WHAT TO WORK ON. A word-for-word copy of the data is what's wanted, with no pictures.

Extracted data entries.
======
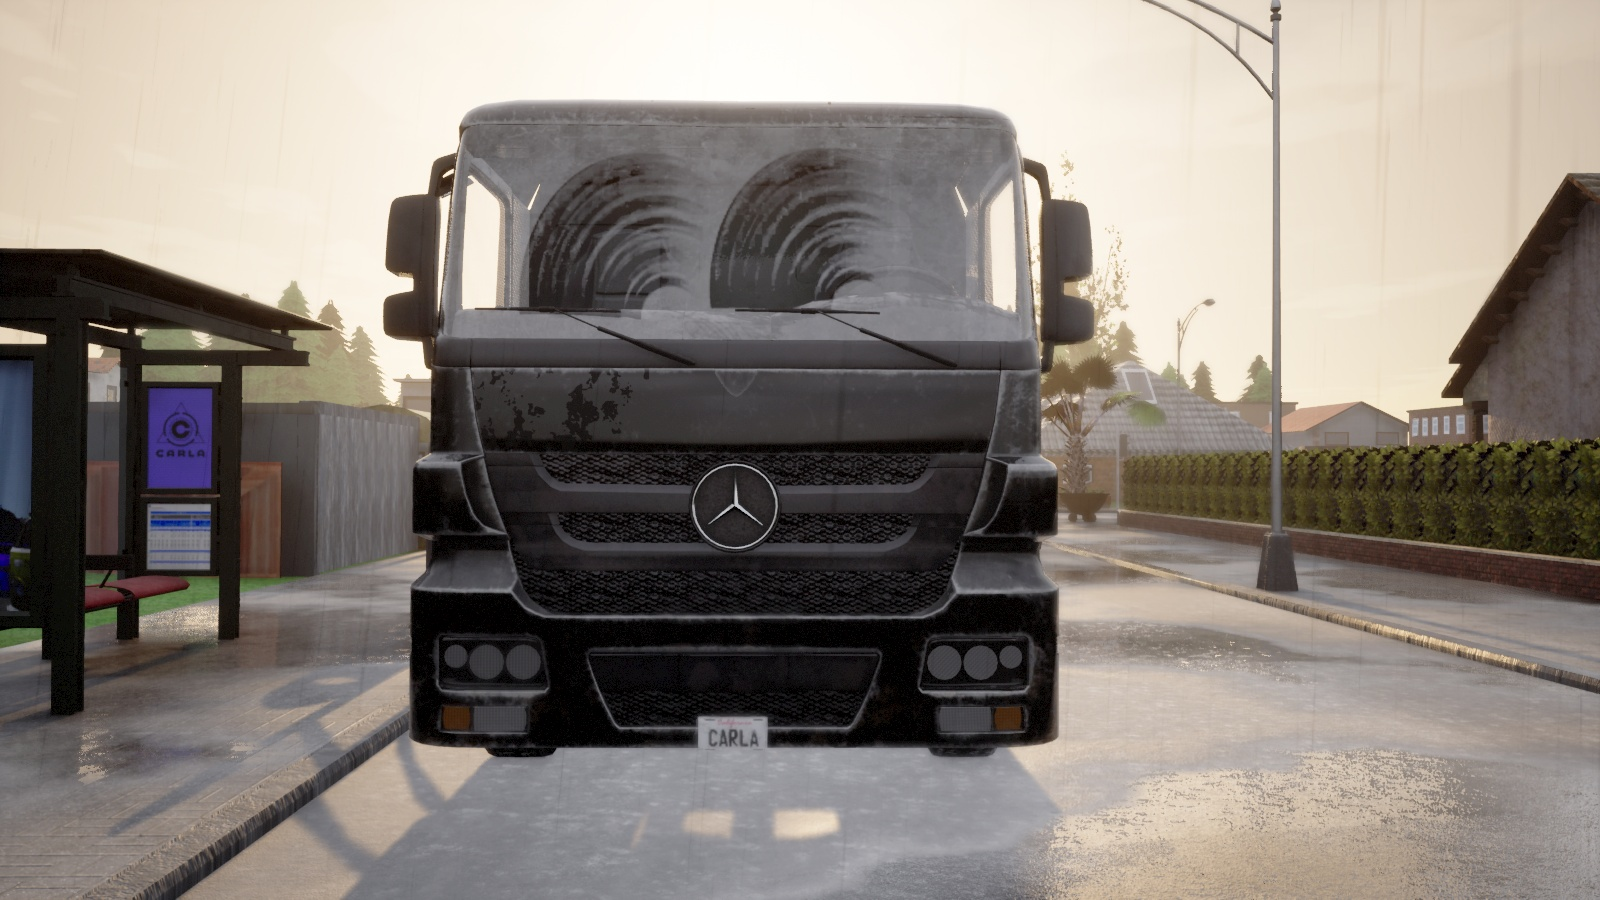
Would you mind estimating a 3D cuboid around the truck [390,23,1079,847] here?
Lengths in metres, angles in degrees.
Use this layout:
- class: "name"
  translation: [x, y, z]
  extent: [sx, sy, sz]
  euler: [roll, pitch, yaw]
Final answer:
======
PROBLEM SOLUTION.
Would you mind estimating a 3D cuboid around the truck [390,23,1079,847] here?
Lengths in metres, angles in degrees.
Use this layout:
- class: "name"
  translation: [x, y, z]
  extent: [sx, sy, sz]
  euler: [roll, pitch, yaw]
Final answer:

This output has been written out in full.